A esa acumulación de responsabilidades se suma el lugar que ocupa frente a los medios, un terreno que conoce desde mucho antes de convertirse en funcionario y en el que hoy actúa desde el otro lado. Saber cuánto cobra por cada función, qué participación concreta tiene en las decisiones del directorio de EPECh y cuáles son los criterios utilizados desde Información Pública para distribuir y contratar comunicación oficial son datos que el Gobierno puede precisar con documentación administrativa. Hasta ahora, parte de esa información sigue sin estar públicamente disponible.
Antes del Gobierno, también buscó tener una licencia de FM
La relación de Ramiro Daniel Outeda con el mundo de la comunicación no se limitó a su trabajo como periodista, conductor y responsable de distintos espacios en medios. En 2021 su nombre apareció también en documentación oficial del Ente Nacional de Comunicaciones, dentro de un concurso público simplificado para la adjudicación de una licencia de frecuencia modulada en Trelew.
El expediente EX-2019-99874309-APN-DNSA#ENACOM registró a Outeda como oferente para la instalación y explotación de un servicio de comunicación audiovisual por modulación de frecuencia.

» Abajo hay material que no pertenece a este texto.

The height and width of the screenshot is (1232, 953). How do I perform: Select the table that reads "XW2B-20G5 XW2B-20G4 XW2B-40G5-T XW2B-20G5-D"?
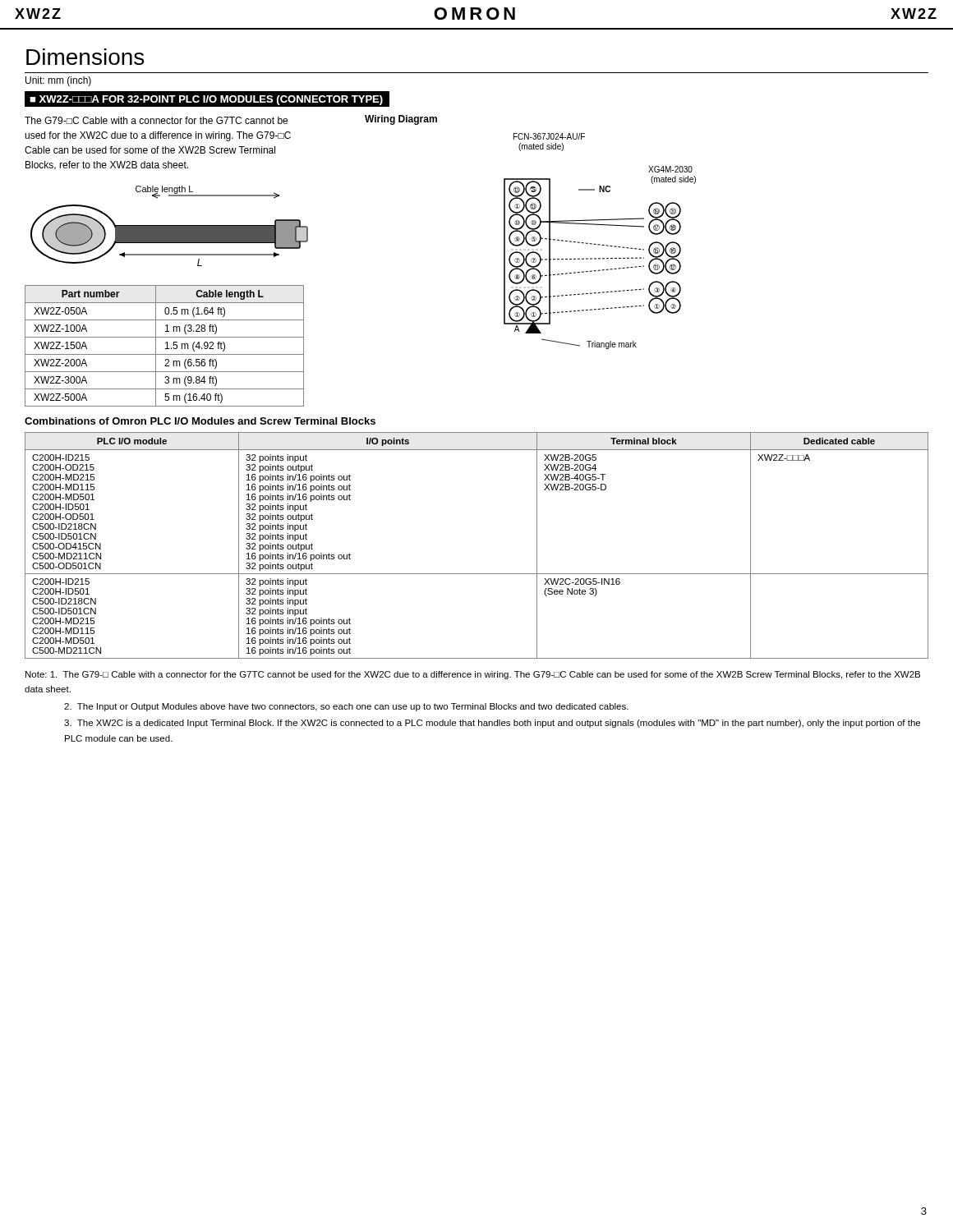[x=476, y=545]

Finalmente, el organismo nacional resolvió rechazar la propuesta presentada. El antecedente permite sumar otro elemento a su trayectoria previa al ingreso al Gobierno provincial: además de desempeñarse profesionalmente en radio y televisión, había intentado avanzar formalmente sobre la explotación de una emisora propia dentro del sistema regulado de medios.
Un antecedente de 2009 en una polémica por subsidios del IPV
El nombre de Outeda también había aparecido varios años antes en una controversia política vinculada con subsidios otorgados por el Instituto Provincial de la Vivienda. En septiembre de 2009, la entonces diputada radical Marta Raso cuestionó públicamente el mecanismo utilizado para distribuir determinados beneficios y anunció que el bloque llevaría el tema ante la Fiscalía Anticorrupción.

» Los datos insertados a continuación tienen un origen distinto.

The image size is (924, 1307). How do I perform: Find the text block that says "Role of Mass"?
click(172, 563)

Dentro de la nómina difundida en aquella oportunidad figuraba “OUTEDA, Ramiro Daniel”. La denuncia política apuntaba de manera general a la existencia de subsidios concedidos a empleados, funcionarios y personas vinculadas con estructuras estatales, aunque la inclusión de un nombre en aquel listado no permite atribuir por sí sola ninguna conducta irregular individual.